I. Preparation and preliminary verification before testing

Before conducting the test, ensure that the harmonic detector has sufficient battery power and that the function settings are intact. Verify that the equipment calibration label is within its validity period. Record the basic information of the circuit under test, including the supply voltage level, load type, transformer capacity, and current operating load value. Inspect the on-site environment, avoiding strong interference sources such as high-power variable frequency equipment and electric welding devices, and ensure that the distance between the instrument and live lines complies with safety regulations. Organize the testing objectives in advance, distinguishing between measuring only voltage harmonics, measuring only current harmonics, or conducting simultaneous voltage and current measurements. Prepare the corresponding specifications of current clamps and voltage test leads, and confirm that the accessories have no visible damage and the insulation layer is intact.

II. Standardize wiring operation steps

Voltage wiring: The voltage terminals of the instrument are connected to the phase line and neutral line under test through test leads, with each phase line corresponding to a neutral line. The wiring terminals must be securely fastened without any looseness, and it is prohibited to entwine or squeeze the leads together. The three-phase circuit must be connected in the order of A, B, C, and N phase sequence. A wrong phase sequence can cause data distortion.

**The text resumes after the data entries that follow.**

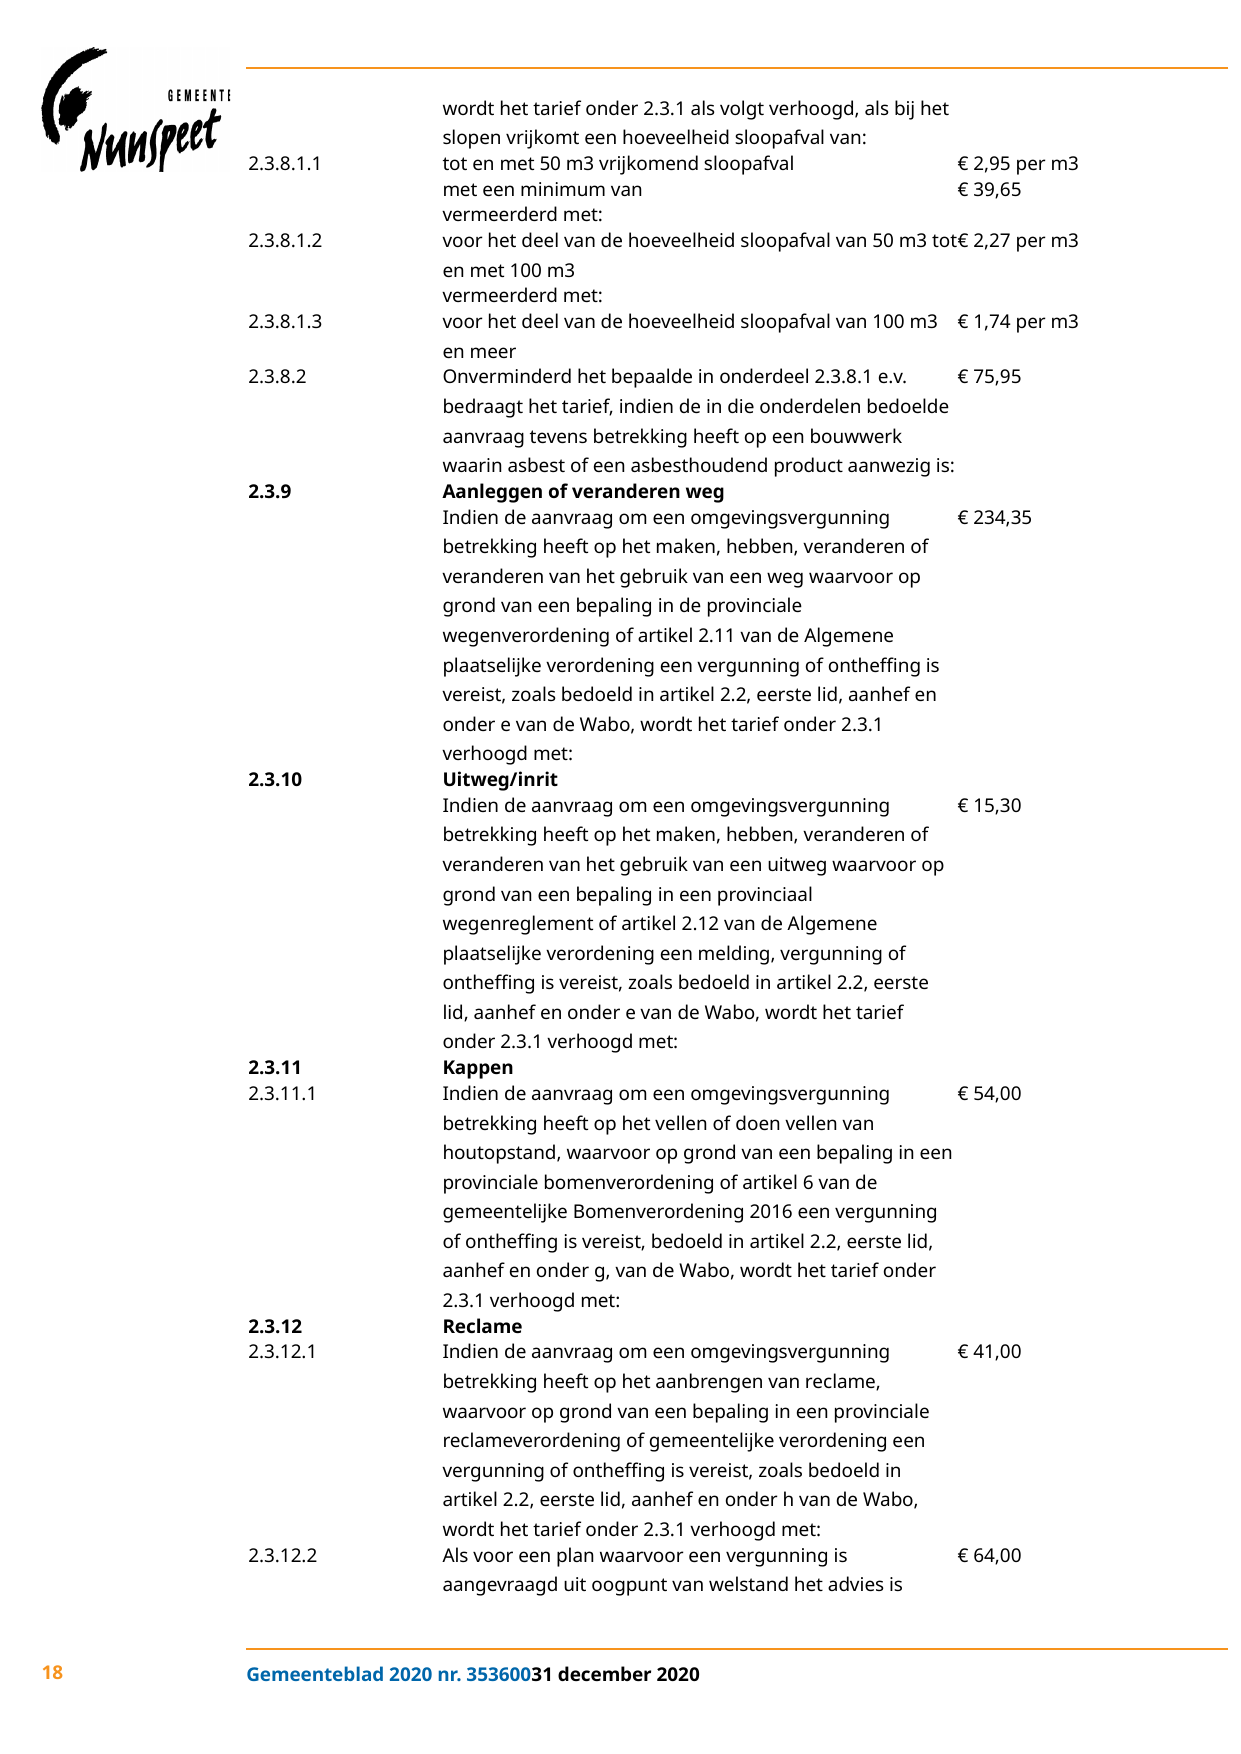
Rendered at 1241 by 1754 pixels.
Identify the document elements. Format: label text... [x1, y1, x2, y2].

table_cell Reclame [442, 1313, 957, 1339]
table_cell 2.3.8.1.1 [248, 150, 442, 176]
table_cell Als voor een plan waarvoor een vergunning is aangevraagd uit oogpunt van welstand het advies is [442, 1542, 957, 1597]
table_cell € 54,00 [958, 1080, 1152, 1313]
table_cell € 75,95 [958, 364, 1152, 478]
table_cell [958, 1054, 1152, 1080]
table_cell [958, 95, 1152, 150]
table_cell € 234,35 [958, 504, 1152, 766]
picture [41, 47, 231, 172]
table_cell 2.3.12.2 [248, 1542, 442, 1597]
table_cell 2.3.11.1 [248, 1080, 442, 1313]
table_cell Kappen [442, 1054, 957, 1080]
table_cell Uitweg/inrit [442, 766, 957, 792]
table_cell vermeerderd met: [442, 202, 957, 227]
table_cell 2.3.8.2 [248, 364, 442, 478]
table_cell Indien de aanvraag om een omgevingsvergunning betrekking heeft op het maken, hebben, veranderen of veranderen van het gebruik van een uitweg waarvoor op grond van een bepaling in een provinciaal wegenreglement of artikel 2.12 van de Algemene plaatselijke verordening een melding, vergunning of ontheffing is vereist, zoals bedoeld in artikel 2.2, eerste lid, aanhef en onder e van de Wabo, wordt het tarief onder 2.3.1 verhoogd met: [442, 792, 957, 1054]
table_cell [958, 202, 1152, 227]
table_cell € 1,74 per m3 [958, 308, 1152, 364]
table_cell [958, 1313, 1152, 1339]
table_cell € 2,95 per m3 [958, 150, 1152, 176]
table_cell 2.3.9 [248, 478, 442, 504]
table_cell € 2,27 per m3 [958, 227, 1152, 283]
table_cell met een minimum van [442, 176, 957, 202]
table_cell 2.3.8.1.3 [248, 308, 442, 364]
table_cell Aanleggen of veranderen weg [442, 478, 957, 504]
table_cell [248, 504, 442, 766]
table_cell [248, 176, 442, 202]
table_cell Indien de aanvraag om een omgevingsvergunning betrekking heeft op het vellen of doen vellen van houtopstand, waarvoor op grond van een bepaling in een provinciale bomenverordening of artikel 6 van de gemeentelijke Bomenverordening 2016 een vergunning of ontheffing is vereist, bedoeld in artikel 2.2, eerste lid, aanhef en onder g, van de Wabo, wordt het tarief onder 2.3.1 verhoogd met: [442, 1080, 957, 1313]
table_cell € 15,30 [958, 792, 1152, 1054]
table_cell € 39,65 [958, 176, 1152, 202]
table_cell [958, 766, 1152, 792]
table_cell 2.3.12 [248, 1313, 442, 1339]
table_cell [958, 283, 1152, 308]
table_cell [248, 283, 442, 308]
table_cell [248, 202, 442, 227]
table_cell vermeerderd met: [442, 283, 957, 308]
table_cell voor het deel van de hoeveelheid sloopafval van 50 m3 tot en met 100 m3 [442, 227, 957, 283]
table_cell 2.3.10 [248, 766, 442, 792]
table_cell 2.3.11 [248, 1054, 442, 1080]
table_cell 2.3.12.1 [248, 1339, 442, 1542]
table_cell [958, 478, 1152, 504]
table_cell wordt het tarief onder 2.3.1 als volgt verhoogd, als bij het slopen vrijkomt een hoeveelheid sloopafval van: [442, 95, 957, 150]
table_cell Indien de aanvraag om een omgevingsvergunning betrekking heeft op het aanbrengen van reclame, waarvoor op grond van een bepaling in een provinciale reclameverordening of gemeentelijke verordening een vergunning of ontheffing is vereist, zoals bedoeld in artikel 2.2, eerste lid, aanhef en onder h van de Wabo, wordt het tarief onder 2.3.1 verhoogd met: [442, 1339, 957, 1542]
table_cell voor het deel van de hoeveelheid sloopafval van 100 m3 en meer [442, 308, 957, 364]
table_cell [248, 792, 442, 1054]
table_cell € 64,00 [958, 1542, 1152, 1597]
table_cell Indien de aanvraag om een omgevingsvergunning betrekking heeft op het maken, hebben, veranderen of veranderen van het gebruik van een weg waarvoor op grond van een bepaling in de provinciale wegenverordening of artikel 2.11 van de Algemene plaatselijke verordening een vergunning of ontheffing is vereist, zoals bedoeld in artikel 2.2, eerste lid, aanhef en onder e van de Wabo, wordt het tarief onder 2.3.1 verhoogd met: [442, 504, 957, 766]
table_cell Onverminderd het bepaalde in onderdeel 2.3.8.1 e.v. bedraagt het tarief, indien de in die onderdelen bedoelde aanvraag tevens betrekking heeft op een bouwwerk waarin asbest of een asbesthoudend product aanwezig is: [442, 364, 957, 478]
table_cell [248, 95, 442, 150]
table_cell 2.3.8.1.2 [248, 227, 442, 283]
table_cell tot en met 50 m3 vrijkomend sloopafval [442, 150, 957, 176]
table_cell € 41,00 [958, 1339, 1152, 1542]

Current wiring: Open the clamp buckle of the current clamp, pass a single phase wire through the center of the clamp jaw, close the buckle to ensure a tight fit, and ensure that the contact surface of the clamp jaw is free of debris and oil stains; distinguish the direction of incoming and outgoing current indicated by the clamp meter, and configure a current clamp for each phase of the three-phase load separately, correspondingly connecting to each current channel of the instrument.

Wiring sequence: First connect the terminals on the instrument side, then connect the secondary circuit on site or the low-voltage outlet terminal; when removing after the test is complete, reverse the operation, first disconnect the on-site wiring, and then remove the leads from the instrument terminals.

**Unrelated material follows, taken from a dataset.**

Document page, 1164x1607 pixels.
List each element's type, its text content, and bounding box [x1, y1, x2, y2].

III. On-site reading data collection specifications

After wiring is completed, turn on the instrument, select the harmonic measurement mode, set the matching voltage transformation ratio and current transformation ratio parameters, and wait for the instrument data to stabilize before recording. The duration of a single sampling should be no less than 10 seconds, and the peak and average values of the continuously loaded equipment should be recorded in sections. For intermittently fluctuating loads, the sampling period should be extended, and data should be retained in three groups: peak load, stable load, and low load. The total distortion rate and the amplitude of each harmonic from 2nd to 50th order should be fully recorded, and the original voltage and current waveforms should be saved simultaneously. Collect two sets of data from the same circuit. If there is a significant deviation between the two sets of readings, check the wiring and clamp position, and recollect and compare the data. The data should be synchronized with the acquisition time and on-site load conditions for subsequent comparison and analysis.

IV. Stratified data analysis method

Basic numerical assessment: Compare with the power quality standards to determine if the total harmonic distortion rate of voltage and current are within the specified range. If the amplitude of a single harmonic exceeds the standard, focus on analyzing the harmonic at the corresponding frequency.

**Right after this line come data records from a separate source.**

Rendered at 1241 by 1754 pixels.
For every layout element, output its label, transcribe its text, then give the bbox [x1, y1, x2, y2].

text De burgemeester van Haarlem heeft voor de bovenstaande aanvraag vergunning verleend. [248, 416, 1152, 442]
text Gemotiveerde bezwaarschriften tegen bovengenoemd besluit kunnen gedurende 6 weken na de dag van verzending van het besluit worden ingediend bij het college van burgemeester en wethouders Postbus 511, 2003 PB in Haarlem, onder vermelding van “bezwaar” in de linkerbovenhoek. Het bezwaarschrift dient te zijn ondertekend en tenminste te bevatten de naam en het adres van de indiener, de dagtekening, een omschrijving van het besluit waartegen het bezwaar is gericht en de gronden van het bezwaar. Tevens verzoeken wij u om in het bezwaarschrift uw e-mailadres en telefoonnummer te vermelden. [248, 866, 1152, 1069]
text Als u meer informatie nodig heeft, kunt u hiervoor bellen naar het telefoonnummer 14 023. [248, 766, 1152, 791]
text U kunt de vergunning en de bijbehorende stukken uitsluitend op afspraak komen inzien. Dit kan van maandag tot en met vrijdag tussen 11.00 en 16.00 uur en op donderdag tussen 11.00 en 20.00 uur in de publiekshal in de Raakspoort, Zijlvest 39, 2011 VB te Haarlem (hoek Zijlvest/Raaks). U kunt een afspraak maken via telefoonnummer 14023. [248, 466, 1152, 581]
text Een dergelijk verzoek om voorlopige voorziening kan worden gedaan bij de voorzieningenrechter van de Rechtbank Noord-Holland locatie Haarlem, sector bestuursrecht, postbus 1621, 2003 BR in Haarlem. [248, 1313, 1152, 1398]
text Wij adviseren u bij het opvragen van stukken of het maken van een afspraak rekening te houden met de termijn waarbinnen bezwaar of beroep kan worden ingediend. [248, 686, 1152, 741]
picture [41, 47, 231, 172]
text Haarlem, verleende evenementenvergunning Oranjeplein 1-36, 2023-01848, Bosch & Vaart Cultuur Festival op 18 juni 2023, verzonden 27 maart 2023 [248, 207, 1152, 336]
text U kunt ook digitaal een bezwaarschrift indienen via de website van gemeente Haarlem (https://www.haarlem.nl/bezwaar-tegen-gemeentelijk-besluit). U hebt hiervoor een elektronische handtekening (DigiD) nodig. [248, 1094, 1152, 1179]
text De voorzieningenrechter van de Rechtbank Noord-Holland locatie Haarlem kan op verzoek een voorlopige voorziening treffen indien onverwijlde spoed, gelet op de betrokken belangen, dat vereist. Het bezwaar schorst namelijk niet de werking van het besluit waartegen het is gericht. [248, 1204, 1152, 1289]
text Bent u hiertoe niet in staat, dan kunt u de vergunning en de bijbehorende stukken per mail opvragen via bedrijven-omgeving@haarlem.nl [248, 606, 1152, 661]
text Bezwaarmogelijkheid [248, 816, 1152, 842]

Load correlation analysis: The high-frequency harmonic values are relatively high, mostly caused by nonlinear loads such as variable frequency and switching power supplies; the low-frequency harmonics are abnormal, mostly due to uneven distribution of single-phase loads and the concentrated operation of rectification equipment. By comparing the harmonic data of each phase of the three-phase system, if the value of a certain phase is significantly higher, it can be inferred that the nonlinear load in that phase is concentrated.

Longitudinal comparative analysis: Data collected during different load periods was retrieved. The harmonic wave increased synchronously with the rise in load, indicating that the harmonic source is the equipment in use on site. There was no significant fluctuation in harmonic waves during load changes, suggesting interference from the upstream power supply line or the transformer side in the substation area.

Comprehensive judgment: Based on the auxiliary judgment of waveform curve, it is confirmed that there is persistent harmonic interference on site due to severe waveform distortion and excessive harmonic values. The transient peak values exceed the standard, but the mean values are normal, which is caused by short-term impact loads. Therefore, there is no need to determine long-term power quality abnormalities.